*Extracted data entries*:
◆ ◆ ◆ ◆ ◆ ◆ ◆
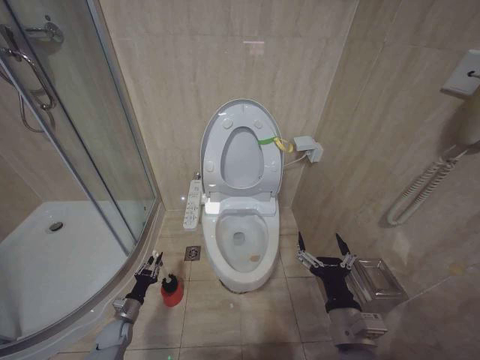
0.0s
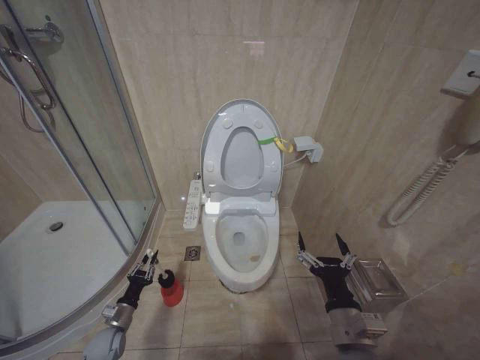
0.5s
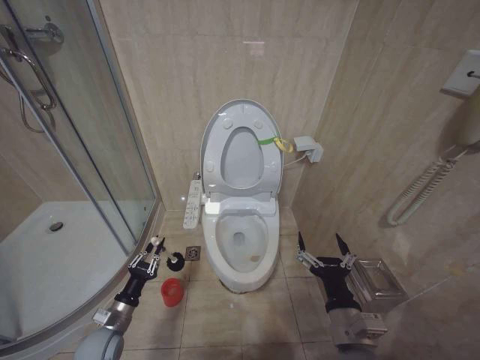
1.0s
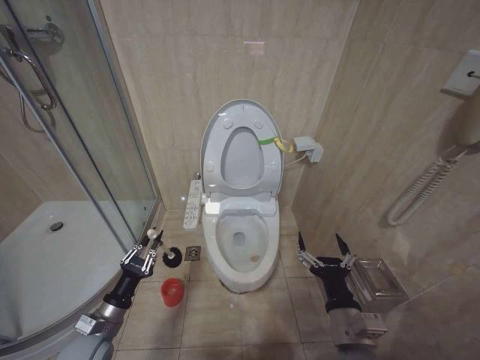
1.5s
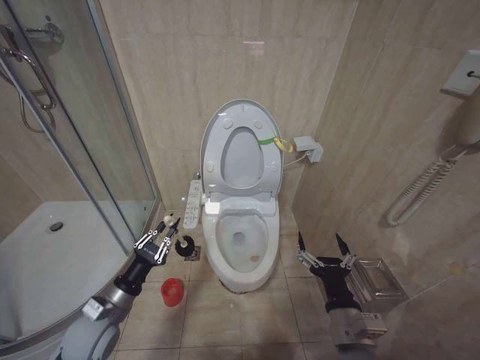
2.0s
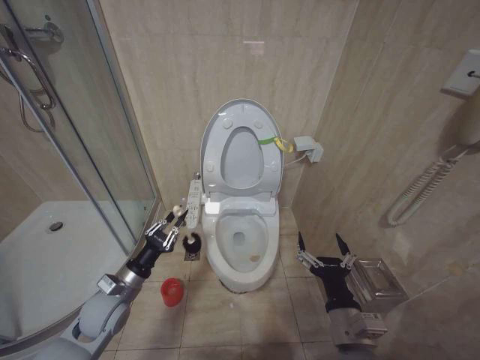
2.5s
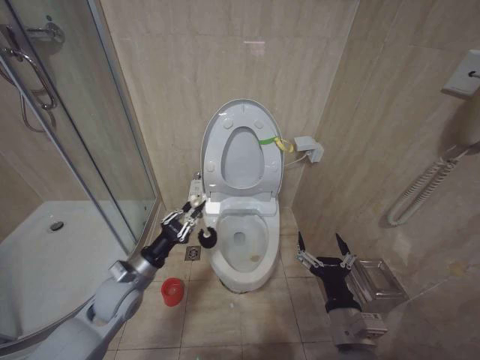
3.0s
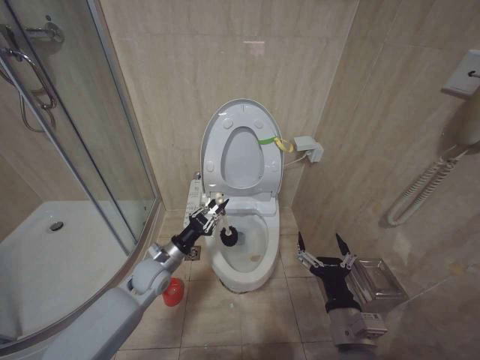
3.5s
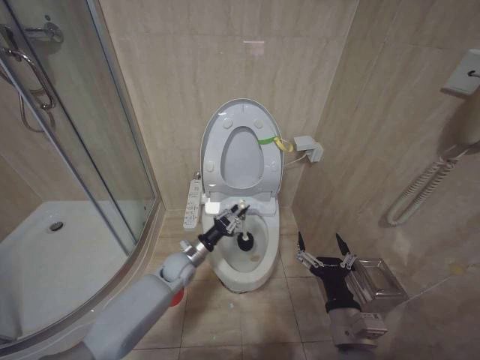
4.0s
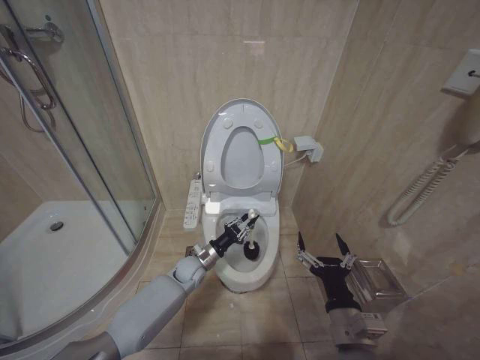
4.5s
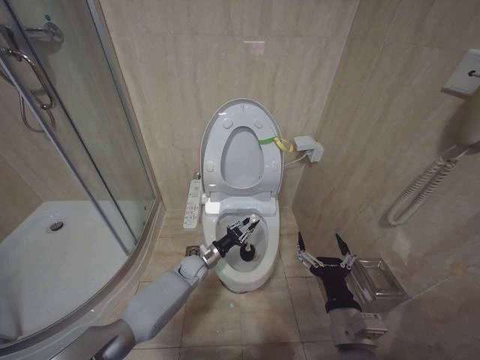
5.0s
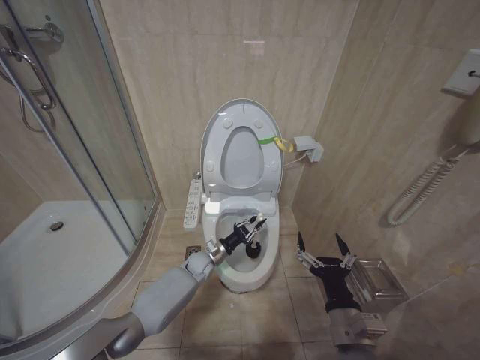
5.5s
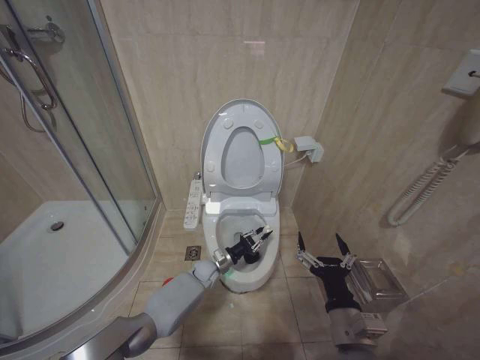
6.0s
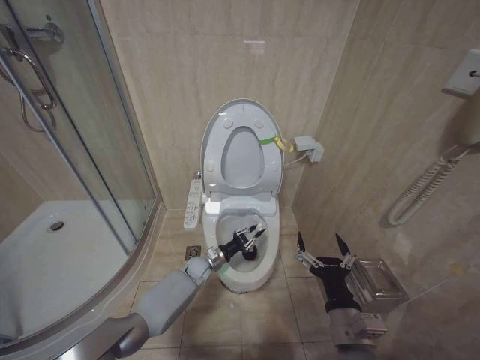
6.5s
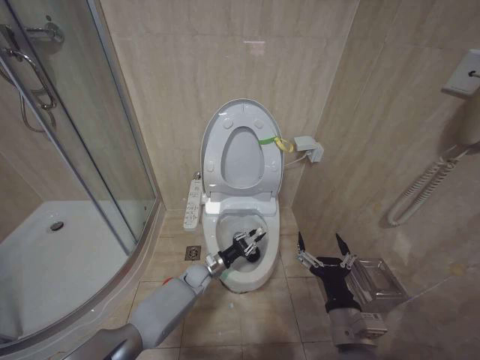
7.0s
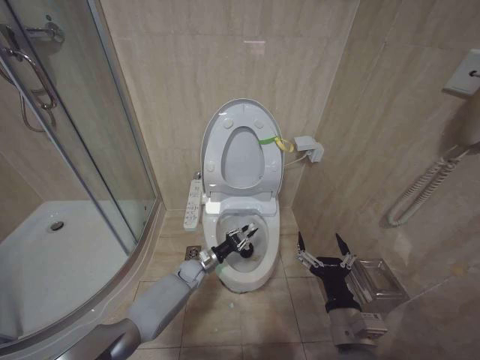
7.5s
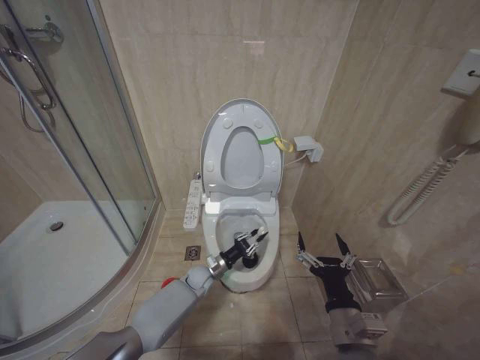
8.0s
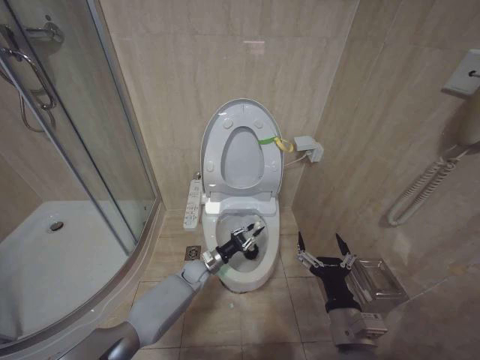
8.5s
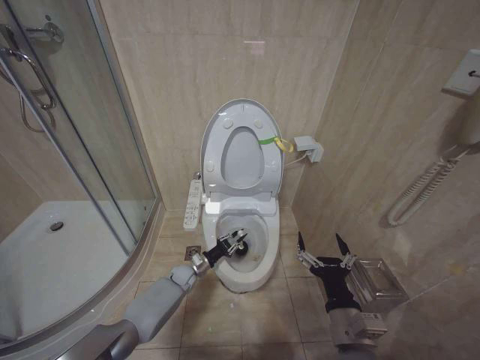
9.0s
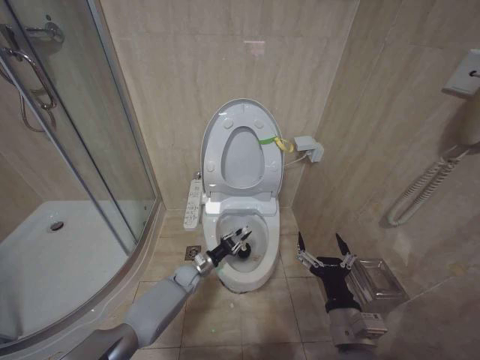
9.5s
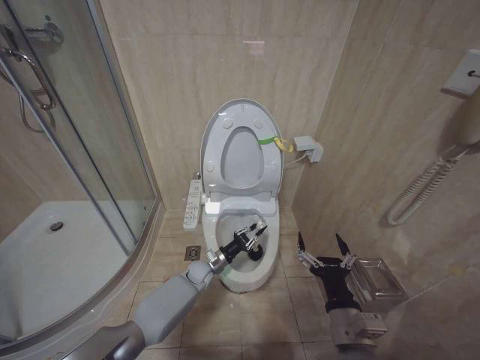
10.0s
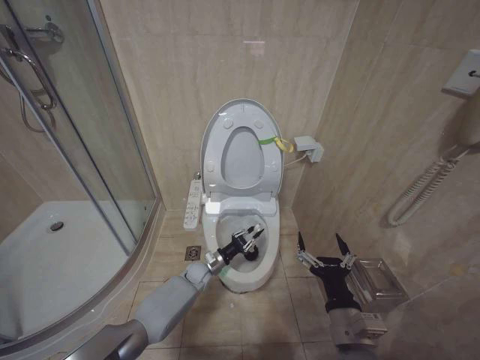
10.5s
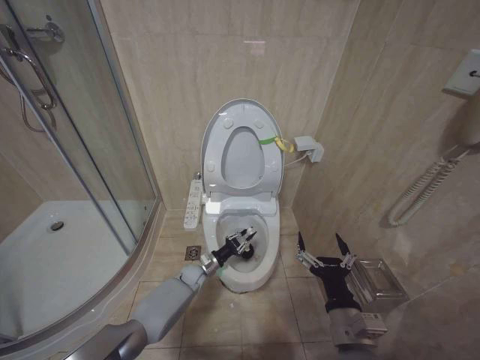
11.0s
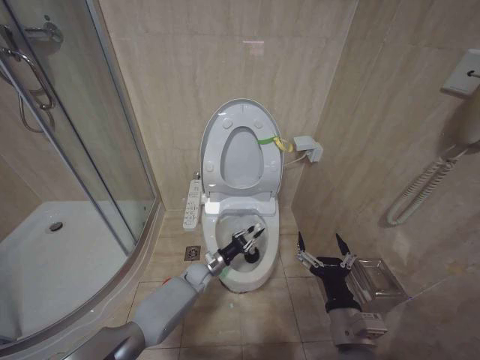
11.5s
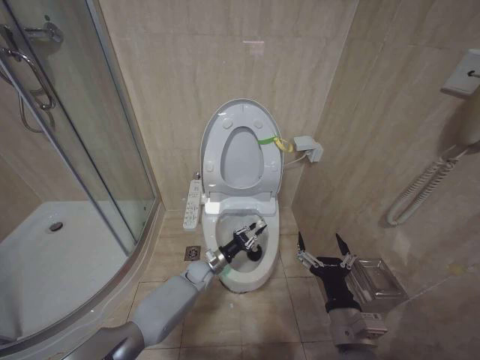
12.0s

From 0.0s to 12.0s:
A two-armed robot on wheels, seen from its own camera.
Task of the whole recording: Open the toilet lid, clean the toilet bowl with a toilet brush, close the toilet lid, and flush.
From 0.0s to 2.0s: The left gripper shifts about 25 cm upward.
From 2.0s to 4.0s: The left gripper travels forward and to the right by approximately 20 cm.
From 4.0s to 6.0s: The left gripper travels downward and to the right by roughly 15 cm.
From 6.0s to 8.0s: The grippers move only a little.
◆ ◆ ◆ ◆ ◆ ◆ ◆
*Problem description*: For the data above, return an exact copy that contains no pictures.

*Reply to the task*:
0.0s
0.5s
1.0s
1.5s
2.0s
2.5s
3.0s
3.5s
4.0s
4.5s
5.0s
5.5s
6.0s
6.5s
7.0s
7.5s
8.0s
8.5s
9.0s
9.5s
10.0s
10.5s
11.0s
11.5s
12.0s

From 0.0s to 12.0s:
A two-armed robot on wheels, seen from its own camera.
Task of the whole recording: Open the toilet lid, clean the toilet bowl with a toilet brush, close the toilet lid, and flush.
From 0.0s to 2.0s: The left gripper shifts about 25 cm upward.
From 2.0s to 4.0s: The left gripper travels forward and to the right by approximately 20 cm.
From 4.0s to 6.0s: The left gripper travels downward and to the right by roughly 15 cm.
From 6.0s to 8.0s: The grippers move only a little.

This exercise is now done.